_DIRECTIONS:_ These records are to be written out exactly as they read, minus the pictures.

─── INPUT FOR THIS TASK ───

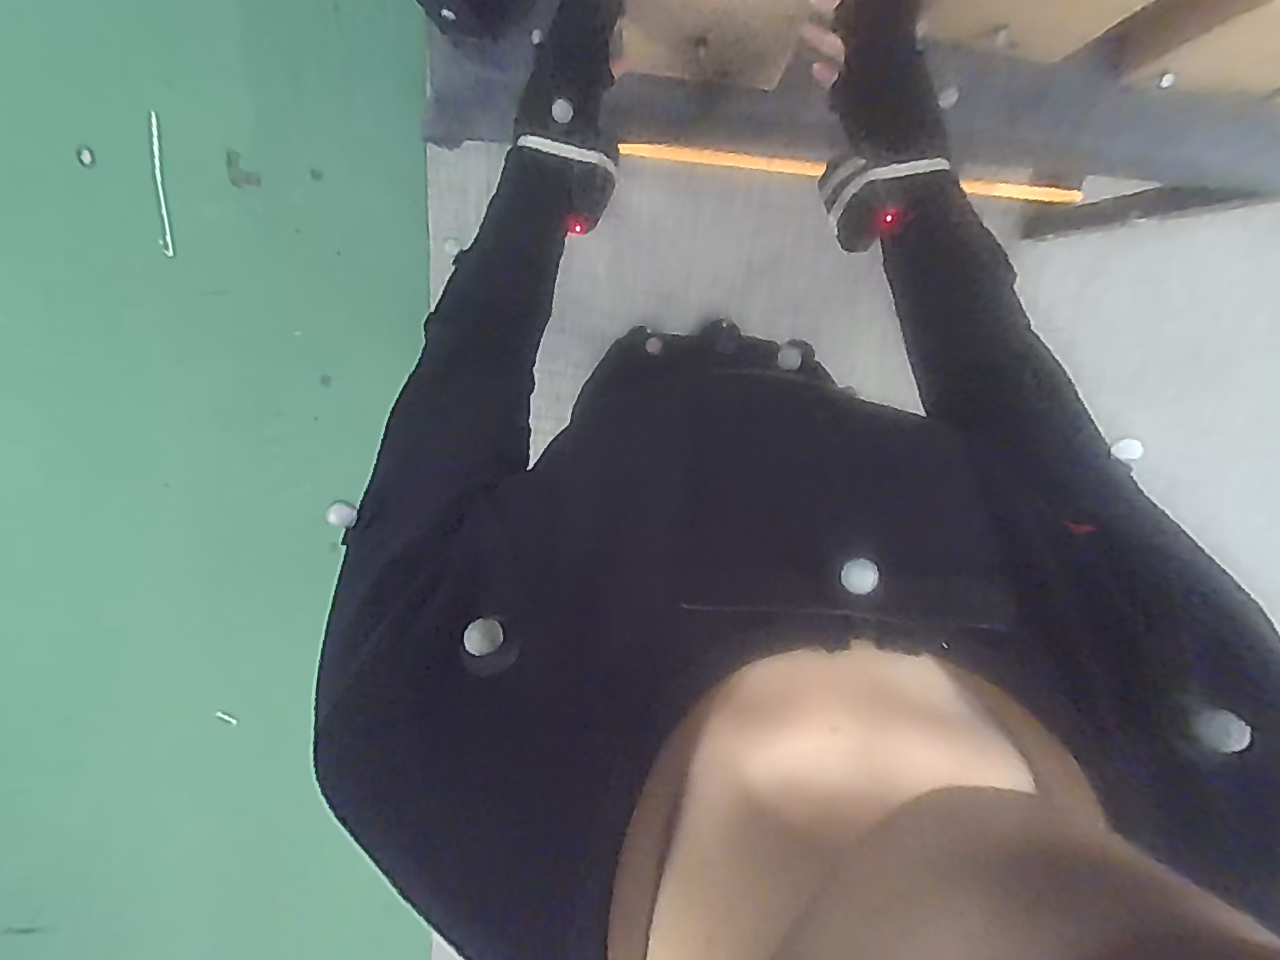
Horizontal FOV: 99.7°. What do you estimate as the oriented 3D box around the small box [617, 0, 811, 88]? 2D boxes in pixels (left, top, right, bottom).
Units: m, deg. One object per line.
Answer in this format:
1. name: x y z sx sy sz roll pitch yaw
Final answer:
1. small box: 0.073 -0.495 0.492 0.168 0.176 0.179 7 104 -1
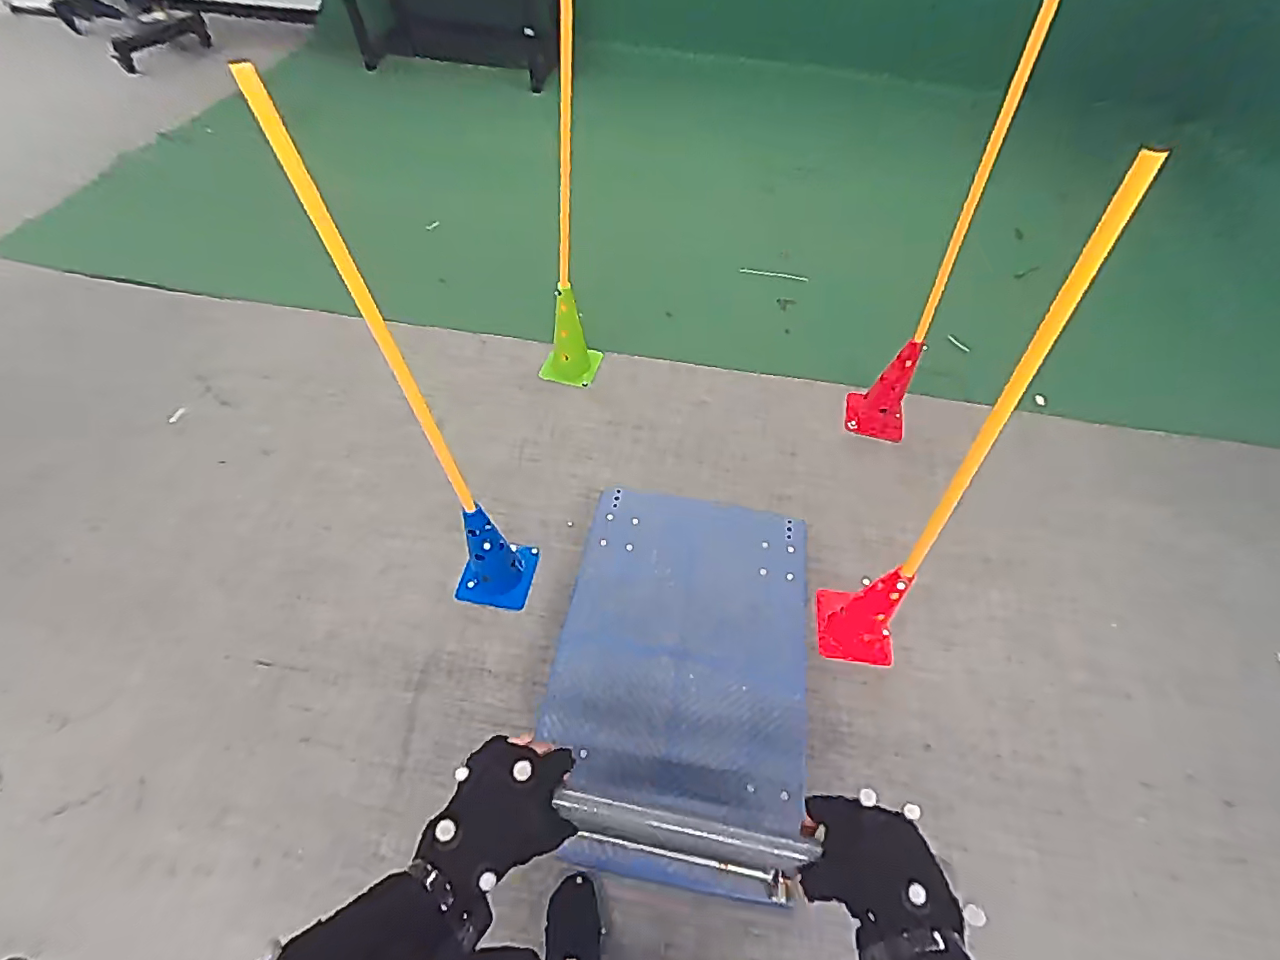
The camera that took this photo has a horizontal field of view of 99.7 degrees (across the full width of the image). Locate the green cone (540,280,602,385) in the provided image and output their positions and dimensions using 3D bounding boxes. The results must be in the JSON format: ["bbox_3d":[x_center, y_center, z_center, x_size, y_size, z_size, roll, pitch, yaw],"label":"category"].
[{"bbox_3d":[-0.257,-0.544,1.924,0.202,0.368,0.200,12,55,7],"label":"green cone"}]

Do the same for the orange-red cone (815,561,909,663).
[{"bbox_3d":[0.592,0.305,1.375,0.199,0.360,0.198,8,55,5],"label":"orange-red cone"}]

───

_RESPONSE AREA:_
Horizontal FOV: 99.7°. What do you estimate as the oriented 3D box around the small box [617, 0, 811, 88]? 2D boxes in pixels (left, top, right, bottom).
Units: m, deg. One object per line.
Answer in this format:
1. name: x y z sx sy sz roll pitch yaw
Final answer:
1. small box: 0.073 -0.495 0.492 0.168 0.176 0.179 7 104 -1
The camera that took this photo has a horizontal field of view of 99.7 degrees (across the full width of the image). Locate the green cone (540,280,602,385) in the provided image and output their positions and dimensions using 3D bounding boxes. The results must be in the JSON format: ["bbox_3d":[x_center, y_center, z_center, x_size, y_size, z_size, roll, pitch, yaw],"label":"category"].
[{"bbox_3d":[-0.257,-0.544,1.924,0.202,0.368,0.200,12,55,7],"label":"green cone"}]

Do the same for the orange-red cone (815,561,909,663).
[{"bbox_3d":[0.592,0.305,1.375,0.199,0.360,0.198,8,55,5],"label":"orange-red cone"}]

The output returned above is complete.